[[ The data open ]]

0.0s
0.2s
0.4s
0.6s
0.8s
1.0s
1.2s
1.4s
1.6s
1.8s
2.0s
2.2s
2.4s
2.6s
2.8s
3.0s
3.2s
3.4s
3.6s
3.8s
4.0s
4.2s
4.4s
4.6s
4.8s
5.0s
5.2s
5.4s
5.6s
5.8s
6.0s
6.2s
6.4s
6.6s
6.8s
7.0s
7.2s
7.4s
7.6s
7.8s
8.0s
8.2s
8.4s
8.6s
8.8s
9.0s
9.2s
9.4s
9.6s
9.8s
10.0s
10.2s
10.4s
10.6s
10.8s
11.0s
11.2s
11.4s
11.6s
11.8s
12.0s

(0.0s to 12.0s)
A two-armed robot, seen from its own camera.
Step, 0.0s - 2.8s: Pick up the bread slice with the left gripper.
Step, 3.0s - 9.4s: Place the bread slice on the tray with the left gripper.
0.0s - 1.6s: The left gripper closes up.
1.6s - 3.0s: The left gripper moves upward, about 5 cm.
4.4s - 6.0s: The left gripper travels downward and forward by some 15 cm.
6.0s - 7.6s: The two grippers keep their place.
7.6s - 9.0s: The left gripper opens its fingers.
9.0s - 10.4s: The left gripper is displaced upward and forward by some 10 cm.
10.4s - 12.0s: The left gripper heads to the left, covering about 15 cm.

[[ The data closed ]]

• **Exercise requirements**:
The answer is the data above, retyped exactly in full.

• **Written solution**:
0.0s
0.2s
0.4s
0.6s
0.8s
1.0s
1.2s
1.4s
1.6s
1.8s
2.0s
2.2s
2.4s
2.6s
2.8s
3.0s
3.2s
3.4s
3.6s
3.8s
4.0s
4.2s
4.4s
4.6s
4.8s
5.0s
5.2s
5.4s
5.6s
5.8s
6.0s
6.2s
6.4s
6.6s
6.8s
7.0s
7.2s
7.4s
7.6s
7.8s
8.0s
8.2s
8.4s
8.6s
8.8s
9.0s
9.2s
9.4s
9.6s
9.8s
10.0s
10.2s
10.4s
10.6s
10.8s
11.0s
11.2s
11.4s
11.6s
11.8s
12.0s

(0.0s to 12.0s)
A two-armed robot, seen from its own camera.
Step, 0.0s - 2.8s: Pick up the bread slice with the left gripper.
Step, 3.0s - 9.4s: Place the bread slice on the tray with the left gripper.
0.0s - 1.6s: The left gripper closes up.
1.6s - 3.0s: The left gripper moves upward, about 5 cm.
4.4s - 6.0s: The left gripper travels downward and forward by some 15 cm.
6.0s - 7.6s: The two grippers keep their place.
7.6s - 9.0s: The left gripper opens its fingers.
9.0s - 10.4s: The left gripper is displaced upward and forward by some 10 cm.
10.4s - 12.0s: The left gripper heads to the left, covering about 15 cm.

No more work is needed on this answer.